I'm also grateful Broadway for Orlando is continuing to publicize and push this so hard to raise money for The Center in Orlando. I noticed the Broadway luminaries got together again to perform "What the World Needs Now Is Love" on the Maya and Marty show on NBC last night. 

Sirius XM Rado host Seth Rudetsky and his husband, producer James Wesley decided on Monday, June 13 to organize the benefit single, People magazine reports. By Wednesday, the recording was done.

"We started making calls, and suddenly we had tons of theater actors along with an orchestra and the services of a fully-staffed recording studio, all willing to donate their time and talent......
Our community of artists has banded together as we always to to show we can end this cycle of violence and intolerance.

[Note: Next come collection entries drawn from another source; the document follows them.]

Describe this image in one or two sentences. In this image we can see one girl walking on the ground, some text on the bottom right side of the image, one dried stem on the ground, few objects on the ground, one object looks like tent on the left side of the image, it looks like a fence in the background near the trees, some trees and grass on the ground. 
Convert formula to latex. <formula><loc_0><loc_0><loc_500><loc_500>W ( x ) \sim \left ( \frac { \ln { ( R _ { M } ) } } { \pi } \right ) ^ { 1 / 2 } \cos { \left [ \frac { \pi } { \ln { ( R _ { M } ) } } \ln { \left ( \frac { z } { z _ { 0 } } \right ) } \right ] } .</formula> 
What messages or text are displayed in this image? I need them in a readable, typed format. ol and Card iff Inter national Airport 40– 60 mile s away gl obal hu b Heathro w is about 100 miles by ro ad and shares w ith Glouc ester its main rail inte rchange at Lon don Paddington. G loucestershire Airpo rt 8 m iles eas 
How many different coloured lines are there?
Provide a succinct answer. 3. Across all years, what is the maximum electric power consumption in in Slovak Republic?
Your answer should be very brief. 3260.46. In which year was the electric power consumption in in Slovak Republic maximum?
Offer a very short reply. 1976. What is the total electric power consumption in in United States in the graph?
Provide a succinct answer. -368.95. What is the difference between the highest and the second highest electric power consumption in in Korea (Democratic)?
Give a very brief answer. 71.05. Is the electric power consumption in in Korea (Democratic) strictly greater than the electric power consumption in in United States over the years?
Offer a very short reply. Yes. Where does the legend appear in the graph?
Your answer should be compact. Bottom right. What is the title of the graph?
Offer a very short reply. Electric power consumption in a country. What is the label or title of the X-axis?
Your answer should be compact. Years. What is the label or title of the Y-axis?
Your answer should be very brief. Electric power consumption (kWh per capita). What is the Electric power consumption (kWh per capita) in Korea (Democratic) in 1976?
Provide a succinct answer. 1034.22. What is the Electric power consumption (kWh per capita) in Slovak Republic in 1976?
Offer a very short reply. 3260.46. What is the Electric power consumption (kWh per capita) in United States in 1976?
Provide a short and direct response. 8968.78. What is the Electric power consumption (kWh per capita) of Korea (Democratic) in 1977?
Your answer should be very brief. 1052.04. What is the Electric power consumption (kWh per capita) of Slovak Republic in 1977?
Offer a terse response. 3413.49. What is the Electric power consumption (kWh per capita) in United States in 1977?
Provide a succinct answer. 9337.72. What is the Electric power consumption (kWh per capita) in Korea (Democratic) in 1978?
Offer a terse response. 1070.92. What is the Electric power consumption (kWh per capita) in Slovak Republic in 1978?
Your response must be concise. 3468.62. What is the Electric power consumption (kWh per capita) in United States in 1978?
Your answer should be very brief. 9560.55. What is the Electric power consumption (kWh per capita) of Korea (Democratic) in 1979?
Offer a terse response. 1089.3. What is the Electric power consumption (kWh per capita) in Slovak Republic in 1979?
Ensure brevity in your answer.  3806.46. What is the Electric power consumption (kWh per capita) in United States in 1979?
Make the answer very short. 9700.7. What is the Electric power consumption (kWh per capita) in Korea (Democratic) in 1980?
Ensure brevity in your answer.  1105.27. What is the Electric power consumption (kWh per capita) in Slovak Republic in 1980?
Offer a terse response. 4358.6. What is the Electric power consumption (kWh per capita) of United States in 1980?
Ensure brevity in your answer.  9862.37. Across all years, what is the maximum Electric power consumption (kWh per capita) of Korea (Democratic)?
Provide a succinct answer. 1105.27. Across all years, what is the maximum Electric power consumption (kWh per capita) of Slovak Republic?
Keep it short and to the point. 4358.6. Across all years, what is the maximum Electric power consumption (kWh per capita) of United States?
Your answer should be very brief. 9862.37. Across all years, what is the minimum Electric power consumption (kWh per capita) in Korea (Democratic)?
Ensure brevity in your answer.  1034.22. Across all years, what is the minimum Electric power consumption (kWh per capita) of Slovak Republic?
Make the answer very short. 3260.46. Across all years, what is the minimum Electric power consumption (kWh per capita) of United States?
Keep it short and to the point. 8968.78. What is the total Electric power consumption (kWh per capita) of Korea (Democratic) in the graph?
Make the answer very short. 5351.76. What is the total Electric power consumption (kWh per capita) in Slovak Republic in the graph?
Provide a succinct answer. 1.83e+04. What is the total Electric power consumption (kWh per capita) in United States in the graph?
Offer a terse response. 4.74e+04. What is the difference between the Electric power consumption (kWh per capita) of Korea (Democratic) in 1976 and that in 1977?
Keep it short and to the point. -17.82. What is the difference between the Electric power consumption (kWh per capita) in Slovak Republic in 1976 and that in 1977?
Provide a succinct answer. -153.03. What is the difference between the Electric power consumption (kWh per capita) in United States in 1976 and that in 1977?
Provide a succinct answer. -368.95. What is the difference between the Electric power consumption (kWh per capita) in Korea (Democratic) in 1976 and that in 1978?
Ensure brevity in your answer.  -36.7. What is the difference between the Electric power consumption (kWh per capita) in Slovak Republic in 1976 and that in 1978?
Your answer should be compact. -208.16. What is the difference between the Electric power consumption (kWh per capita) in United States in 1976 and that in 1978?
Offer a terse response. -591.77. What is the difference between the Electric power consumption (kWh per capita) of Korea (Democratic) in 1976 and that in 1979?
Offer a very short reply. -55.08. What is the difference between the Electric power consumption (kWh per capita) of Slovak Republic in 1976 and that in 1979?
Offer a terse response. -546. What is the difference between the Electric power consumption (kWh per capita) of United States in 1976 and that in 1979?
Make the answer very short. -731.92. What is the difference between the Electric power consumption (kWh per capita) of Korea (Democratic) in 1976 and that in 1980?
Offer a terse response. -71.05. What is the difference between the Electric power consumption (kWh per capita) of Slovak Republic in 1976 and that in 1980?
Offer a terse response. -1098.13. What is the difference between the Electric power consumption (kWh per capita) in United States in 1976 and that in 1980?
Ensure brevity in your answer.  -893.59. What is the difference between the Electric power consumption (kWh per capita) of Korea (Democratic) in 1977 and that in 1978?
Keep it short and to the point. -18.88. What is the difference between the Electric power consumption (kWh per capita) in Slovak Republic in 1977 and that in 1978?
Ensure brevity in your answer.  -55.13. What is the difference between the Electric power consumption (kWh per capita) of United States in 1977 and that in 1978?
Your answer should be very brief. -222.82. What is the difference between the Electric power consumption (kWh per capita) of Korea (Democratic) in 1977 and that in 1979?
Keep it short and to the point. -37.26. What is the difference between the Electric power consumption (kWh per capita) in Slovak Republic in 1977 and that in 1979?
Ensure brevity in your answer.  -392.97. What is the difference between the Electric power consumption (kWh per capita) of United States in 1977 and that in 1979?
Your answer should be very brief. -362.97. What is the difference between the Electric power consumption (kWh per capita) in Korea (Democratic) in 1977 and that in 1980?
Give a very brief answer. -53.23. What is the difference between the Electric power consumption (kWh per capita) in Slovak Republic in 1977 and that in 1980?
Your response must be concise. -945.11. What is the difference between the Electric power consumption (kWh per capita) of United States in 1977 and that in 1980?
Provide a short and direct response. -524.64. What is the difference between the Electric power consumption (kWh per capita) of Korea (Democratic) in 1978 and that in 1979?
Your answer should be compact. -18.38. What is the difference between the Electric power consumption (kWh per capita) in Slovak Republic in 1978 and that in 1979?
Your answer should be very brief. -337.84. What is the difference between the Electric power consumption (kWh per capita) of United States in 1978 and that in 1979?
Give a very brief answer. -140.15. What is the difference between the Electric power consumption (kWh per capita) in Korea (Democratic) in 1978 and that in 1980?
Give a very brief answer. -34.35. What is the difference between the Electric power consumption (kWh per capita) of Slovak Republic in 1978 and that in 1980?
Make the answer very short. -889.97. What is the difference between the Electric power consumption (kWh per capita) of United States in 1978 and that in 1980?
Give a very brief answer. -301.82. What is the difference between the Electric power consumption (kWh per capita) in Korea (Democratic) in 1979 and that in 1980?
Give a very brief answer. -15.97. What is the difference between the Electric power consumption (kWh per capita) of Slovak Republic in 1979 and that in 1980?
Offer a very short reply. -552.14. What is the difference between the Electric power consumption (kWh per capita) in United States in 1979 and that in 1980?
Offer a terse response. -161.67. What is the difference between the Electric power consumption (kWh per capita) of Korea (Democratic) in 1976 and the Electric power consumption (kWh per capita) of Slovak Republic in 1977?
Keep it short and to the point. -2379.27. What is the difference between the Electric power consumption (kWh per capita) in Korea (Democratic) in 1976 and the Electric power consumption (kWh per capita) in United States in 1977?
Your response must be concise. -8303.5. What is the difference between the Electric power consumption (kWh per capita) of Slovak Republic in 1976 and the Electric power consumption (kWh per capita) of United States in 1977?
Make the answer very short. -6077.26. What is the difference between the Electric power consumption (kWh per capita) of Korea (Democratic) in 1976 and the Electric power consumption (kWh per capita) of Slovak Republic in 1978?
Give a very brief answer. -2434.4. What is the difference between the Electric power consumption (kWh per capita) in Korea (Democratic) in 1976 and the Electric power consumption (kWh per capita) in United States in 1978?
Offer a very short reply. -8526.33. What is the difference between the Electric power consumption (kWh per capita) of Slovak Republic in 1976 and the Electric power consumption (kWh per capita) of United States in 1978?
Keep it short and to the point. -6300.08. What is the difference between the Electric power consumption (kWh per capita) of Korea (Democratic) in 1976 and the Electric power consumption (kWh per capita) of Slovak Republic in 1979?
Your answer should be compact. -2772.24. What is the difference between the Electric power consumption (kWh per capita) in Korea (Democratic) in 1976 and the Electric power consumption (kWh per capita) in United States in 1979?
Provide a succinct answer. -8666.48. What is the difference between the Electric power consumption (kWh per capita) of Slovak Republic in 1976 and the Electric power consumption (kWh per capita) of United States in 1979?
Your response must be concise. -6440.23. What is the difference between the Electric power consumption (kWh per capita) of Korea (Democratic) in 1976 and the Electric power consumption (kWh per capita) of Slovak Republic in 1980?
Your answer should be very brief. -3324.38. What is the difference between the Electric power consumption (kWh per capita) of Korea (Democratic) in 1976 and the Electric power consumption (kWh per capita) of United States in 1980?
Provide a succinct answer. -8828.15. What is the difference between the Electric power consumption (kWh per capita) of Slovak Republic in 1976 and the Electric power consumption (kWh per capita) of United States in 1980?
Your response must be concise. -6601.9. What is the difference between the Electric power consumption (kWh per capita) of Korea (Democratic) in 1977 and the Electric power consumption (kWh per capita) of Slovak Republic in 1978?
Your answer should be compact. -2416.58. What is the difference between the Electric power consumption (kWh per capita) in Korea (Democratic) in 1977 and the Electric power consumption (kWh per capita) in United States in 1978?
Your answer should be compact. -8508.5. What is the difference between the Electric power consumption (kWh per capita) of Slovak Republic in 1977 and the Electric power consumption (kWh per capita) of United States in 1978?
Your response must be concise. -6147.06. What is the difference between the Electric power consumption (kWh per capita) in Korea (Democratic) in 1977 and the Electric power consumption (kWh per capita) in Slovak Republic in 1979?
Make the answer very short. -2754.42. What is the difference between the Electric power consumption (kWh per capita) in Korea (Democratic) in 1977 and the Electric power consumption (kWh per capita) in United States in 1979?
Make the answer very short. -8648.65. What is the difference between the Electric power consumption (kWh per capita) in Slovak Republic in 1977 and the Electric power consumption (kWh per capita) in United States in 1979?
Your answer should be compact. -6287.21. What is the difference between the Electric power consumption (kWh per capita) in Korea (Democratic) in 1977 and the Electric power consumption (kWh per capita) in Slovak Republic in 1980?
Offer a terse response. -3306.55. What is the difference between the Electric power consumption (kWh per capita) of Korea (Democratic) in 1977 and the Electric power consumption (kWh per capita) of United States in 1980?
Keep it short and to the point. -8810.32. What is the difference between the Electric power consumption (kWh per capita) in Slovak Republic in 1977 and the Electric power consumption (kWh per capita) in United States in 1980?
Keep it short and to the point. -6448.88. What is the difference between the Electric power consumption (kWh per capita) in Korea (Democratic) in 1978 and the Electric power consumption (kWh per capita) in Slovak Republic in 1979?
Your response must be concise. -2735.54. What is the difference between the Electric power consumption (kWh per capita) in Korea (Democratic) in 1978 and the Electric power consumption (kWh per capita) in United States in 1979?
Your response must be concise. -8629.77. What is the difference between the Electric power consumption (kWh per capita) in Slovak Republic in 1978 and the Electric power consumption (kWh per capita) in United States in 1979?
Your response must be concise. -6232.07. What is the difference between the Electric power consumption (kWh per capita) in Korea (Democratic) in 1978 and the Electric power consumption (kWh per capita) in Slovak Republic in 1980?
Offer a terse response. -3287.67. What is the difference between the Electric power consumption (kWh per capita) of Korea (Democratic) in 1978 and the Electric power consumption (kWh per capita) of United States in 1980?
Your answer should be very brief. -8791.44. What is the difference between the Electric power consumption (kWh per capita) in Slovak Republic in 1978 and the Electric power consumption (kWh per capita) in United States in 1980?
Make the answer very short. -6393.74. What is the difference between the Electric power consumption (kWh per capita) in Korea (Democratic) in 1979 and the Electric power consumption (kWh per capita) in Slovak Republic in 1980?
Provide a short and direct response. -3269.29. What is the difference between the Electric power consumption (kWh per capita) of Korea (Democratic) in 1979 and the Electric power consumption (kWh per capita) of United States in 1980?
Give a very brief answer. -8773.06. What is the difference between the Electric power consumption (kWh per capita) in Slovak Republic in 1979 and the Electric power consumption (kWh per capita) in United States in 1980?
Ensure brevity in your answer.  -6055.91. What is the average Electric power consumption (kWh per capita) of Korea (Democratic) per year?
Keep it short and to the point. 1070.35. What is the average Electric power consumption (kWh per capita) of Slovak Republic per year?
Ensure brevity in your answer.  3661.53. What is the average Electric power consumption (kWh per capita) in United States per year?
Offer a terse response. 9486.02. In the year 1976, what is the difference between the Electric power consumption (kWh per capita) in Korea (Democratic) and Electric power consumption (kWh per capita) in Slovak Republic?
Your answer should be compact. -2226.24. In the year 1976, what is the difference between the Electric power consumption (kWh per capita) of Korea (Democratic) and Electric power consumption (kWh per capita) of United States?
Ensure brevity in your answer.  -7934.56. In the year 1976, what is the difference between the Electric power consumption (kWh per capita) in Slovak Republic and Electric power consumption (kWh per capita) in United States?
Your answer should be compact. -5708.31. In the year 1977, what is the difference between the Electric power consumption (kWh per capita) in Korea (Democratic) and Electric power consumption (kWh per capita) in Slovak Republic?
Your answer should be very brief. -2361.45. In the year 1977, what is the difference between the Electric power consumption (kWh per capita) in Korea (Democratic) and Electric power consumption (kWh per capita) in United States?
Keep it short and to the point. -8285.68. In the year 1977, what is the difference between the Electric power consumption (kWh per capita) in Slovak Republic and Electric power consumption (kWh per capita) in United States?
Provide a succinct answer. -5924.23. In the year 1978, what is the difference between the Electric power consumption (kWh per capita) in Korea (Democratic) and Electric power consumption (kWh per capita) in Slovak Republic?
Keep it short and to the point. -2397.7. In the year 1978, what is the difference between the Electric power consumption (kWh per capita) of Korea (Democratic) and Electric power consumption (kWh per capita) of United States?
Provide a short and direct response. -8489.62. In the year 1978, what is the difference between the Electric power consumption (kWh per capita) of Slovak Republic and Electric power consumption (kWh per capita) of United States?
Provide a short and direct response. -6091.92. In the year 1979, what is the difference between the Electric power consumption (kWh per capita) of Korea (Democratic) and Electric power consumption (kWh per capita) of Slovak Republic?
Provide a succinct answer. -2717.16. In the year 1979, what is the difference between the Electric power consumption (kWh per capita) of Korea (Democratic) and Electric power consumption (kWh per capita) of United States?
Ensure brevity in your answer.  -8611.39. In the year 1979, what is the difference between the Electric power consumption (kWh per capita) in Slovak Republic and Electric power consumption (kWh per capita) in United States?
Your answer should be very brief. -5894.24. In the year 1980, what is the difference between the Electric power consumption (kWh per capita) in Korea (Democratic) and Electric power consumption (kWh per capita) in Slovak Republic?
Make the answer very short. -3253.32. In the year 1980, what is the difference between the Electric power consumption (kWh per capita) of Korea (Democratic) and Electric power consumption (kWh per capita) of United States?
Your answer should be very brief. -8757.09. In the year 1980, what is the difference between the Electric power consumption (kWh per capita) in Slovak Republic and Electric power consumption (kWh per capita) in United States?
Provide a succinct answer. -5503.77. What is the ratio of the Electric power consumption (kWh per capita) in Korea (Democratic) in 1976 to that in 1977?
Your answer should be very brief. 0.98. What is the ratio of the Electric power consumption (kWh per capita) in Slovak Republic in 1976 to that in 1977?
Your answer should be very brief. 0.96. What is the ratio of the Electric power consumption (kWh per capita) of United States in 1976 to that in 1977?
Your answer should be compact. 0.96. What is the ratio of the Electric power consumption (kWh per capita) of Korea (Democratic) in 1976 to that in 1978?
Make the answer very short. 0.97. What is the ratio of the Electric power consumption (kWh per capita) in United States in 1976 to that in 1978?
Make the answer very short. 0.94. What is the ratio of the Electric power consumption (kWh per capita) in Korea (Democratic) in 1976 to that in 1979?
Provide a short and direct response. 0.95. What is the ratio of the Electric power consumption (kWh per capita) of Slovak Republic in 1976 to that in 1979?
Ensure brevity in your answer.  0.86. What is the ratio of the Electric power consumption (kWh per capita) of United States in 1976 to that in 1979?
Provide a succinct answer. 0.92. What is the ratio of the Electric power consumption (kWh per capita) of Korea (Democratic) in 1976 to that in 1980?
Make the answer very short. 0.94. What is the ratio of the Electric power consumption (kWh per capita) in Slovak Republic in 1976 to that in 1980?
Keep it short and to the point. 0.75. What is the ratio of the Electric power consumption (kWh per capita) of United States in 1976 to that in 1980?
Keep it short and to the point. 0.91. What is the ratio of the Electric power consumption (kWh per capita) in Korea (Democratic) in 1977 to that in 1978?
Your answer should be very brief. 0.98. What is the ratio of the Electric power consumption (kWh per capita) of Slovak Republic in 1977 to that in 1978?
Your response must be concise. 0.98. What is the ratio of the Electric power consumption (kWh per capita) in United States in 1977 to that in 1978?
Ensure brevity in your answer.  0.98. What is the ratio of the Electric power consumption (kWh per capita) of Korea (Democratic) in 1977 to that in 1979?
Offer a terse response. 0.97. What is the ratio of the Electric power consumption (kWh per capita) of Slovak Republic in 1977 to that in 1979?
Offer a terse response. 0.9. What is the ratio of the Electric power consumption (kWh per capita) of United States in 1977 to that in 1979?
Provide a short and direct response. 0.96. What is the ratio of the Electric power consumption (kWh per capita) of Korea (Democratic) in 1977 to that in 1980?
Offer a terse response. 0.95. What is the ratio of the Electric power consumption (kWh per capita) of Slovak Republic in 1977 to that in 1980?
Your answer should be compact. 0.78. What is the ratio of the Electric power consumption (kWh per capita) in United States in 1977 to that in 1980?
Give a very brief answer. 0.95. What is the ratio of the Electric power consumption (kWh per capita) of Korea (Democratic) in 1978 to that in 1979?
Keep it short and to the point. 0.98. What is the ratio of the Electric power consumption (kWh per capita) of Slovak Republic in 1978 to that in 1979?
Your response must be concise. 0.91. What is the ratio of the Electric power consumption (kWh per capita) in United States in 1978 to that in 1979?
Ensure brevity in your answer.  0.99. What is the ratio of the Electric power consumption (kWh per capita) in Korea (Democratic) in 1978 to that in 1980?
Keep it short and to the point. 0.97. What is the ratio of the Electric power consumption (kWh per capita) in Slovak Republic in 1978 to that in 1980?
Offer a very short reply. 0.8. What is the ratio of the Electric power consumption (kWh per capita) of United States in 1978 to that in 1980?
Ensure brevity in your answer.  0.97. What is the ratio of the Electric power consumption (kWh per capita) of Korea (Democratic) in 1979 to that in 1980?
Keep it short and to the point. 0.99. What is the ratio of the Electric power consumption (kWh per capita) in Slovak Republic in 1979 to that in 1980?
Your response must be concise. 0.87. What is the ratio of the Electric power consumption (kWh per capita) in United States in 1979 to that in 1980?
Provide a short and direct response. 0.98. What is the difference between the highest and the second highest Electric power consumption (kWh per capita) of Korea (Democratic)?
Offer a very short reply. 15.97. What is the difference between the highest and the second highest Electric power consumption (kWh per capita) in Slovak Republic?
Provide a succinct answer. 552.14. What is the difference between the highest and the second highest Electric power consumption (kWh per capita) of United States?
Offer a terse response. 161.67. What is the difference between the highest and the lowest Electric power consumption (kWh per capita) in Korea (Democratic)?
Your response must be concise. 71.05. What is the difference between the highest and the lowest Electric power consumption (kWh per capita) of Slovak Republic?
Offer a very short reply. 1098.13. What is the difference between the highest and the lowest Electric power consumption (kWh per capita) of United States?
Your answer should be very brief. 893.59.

Love will prevail," Rudetsky said.

You can go to BroadwayRecords.com or iTunes to download Broadway for Orlando's "What the World Needs Now Is Love," for $1.99.

Even more importantly, when you see hate or hear hate speeech against the LGBT community or anyway, counteract it. Do something loving. Tell the haters why they're wrong. You might not change their minds, but you'll  put them on notice.